Stored data
────────────────────

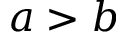Convert formula to latex. <formula><loc_0><loc_0><loc_500><loc_500>a > b</formula> 
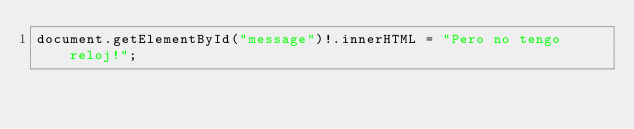<code> <loc_0><loc_0><loc_500><loc_500><_TypeScript_>document.getElementById("message")!.innerHTML = "Pero no tengo reloj!";</code> 
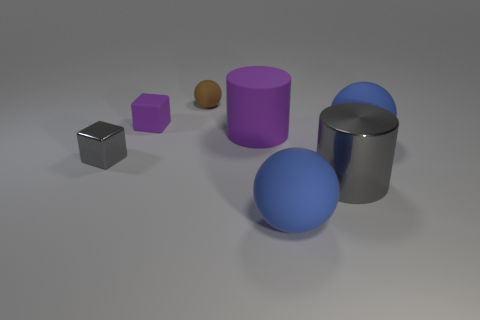Add 2 big gray shiny objects. How many objects exist? 9 Subtract all balls. How many objects are left? 4 Subtract all purple things. Subtract all tiny gray shiny cubes. How many objects are left? 4 Add 2 big blue rubber spheres. How many big blue rubber spheres are left? 4 Add 6 shiny objects. How many shiny objects exist? 8 Subtract 1 purple cylinders. How many objects are left? 6 
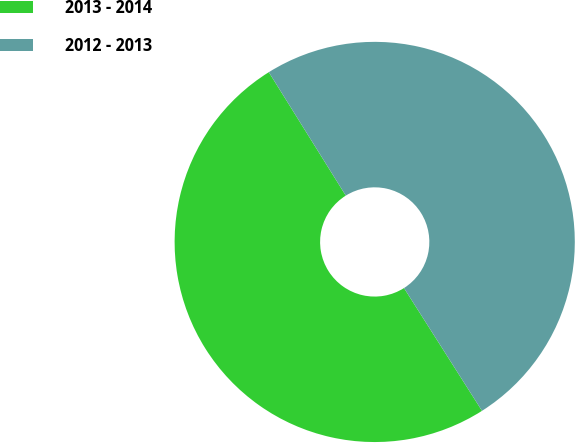Convert chart. <chart><loc_0><loc_0><loc_500><loc_500><pie_chart><fcel>2013 - 2014<fcel>2012 - 2013<nl><fcel>50.13%<fcel>49.87%<nl></chart> 
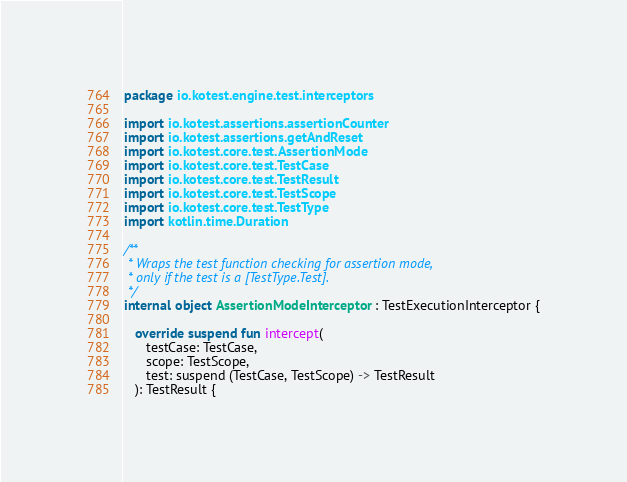Convert code to text. <code><loc_0><loc_0><loc_500><loc_500><_Kotlin_>package io.kotest.engine.test.interceptors

import io.kotest.assertions.assertionCounter
import io.kotest.assertions.getAndReset
import io.kotest.core.test.AssertionMode
import io.kotest.core.test.TestCase
import io.kotest.core.test.TestResult
import io.kotest.core.test.TestScope
import io.kotest.core.test.TestType
import kotlin.time.Duration

/**
 * Wraps the test function checking for assertion mode,
 * only if the test is a [TestType.Test].
 */
internal object AssertionModeInterceptor : TestExecutionInterceptor {

   override suspend fun intercept(
      testCase: TestCase,
      scope: TestScope,
      test: suspend (TestCase, TestScope) -> TestResult
   ): TestResult {
</code>

────────────────────

▶ EXERCISE GOAL
Only the text of the entries belongs in the answer, copied exactly; the pictures stay out.

▶ YOUR RESPONSE
Convert formula to latex. <formula><loc_0><loc_0><loc_500><loc_500>a > b</formula> 
<code> <loc_0><loc_0><loc_500><loc_500><_TypeScript_>document.getElementById("message")!.innerHTML = "Pero no tengo reloj!";</code> 
Add 2 big gray shiny objects. How many objects exist? 9 Subtract all balls. How many objects are left? 4 Subtract all purple things. Subtract all tiny gray shiny cubes. How many objects are left? 4 Add 2 big blue rubber spheres. How many big blue rubber spheres are left? 4 Add 6 shiny objects. How many shiny objects exist? 8 Subtract 1 purple cylinders. How many objects are left? 6 
Convert chart. <chart><loc_0><loc_0><loc_500><loc_500><pie_chart><fcel>2013 - 2014<fcel>2012 - 2013<nl><fcel>50.13%<fcel>49.87%<nl></chart> 
Convert code to text. <code><loc_0><loc_0><loc_500><loc_500><_Kotlin_>package io.kotest.engine.test.interceptors

import io.kotest.assertions.assertionCounter
import io.kotest.assertions.getAndReset
import io.kotest.core.test.AssertionMode
import io.kotest.core.test.TestCase
import io.kotest.core.test.TestResult
import io.kotest.core.test.TestScope
import io.kotest.core.test.TestType
import kotlin.time.Duration

/**
 * Wraps the test function checking for assertion mode,
 * only if the test is a [TestType.Test].
 */
internal object AssertionModeInterceptor : TestExecutionInterceptor {

   override suspend fun intercept(
      testCase: TestCase,
      scope: TestScope,
      test: suspend (TestCase, TestScope) -> TestResult
   ): TestResult {
</code>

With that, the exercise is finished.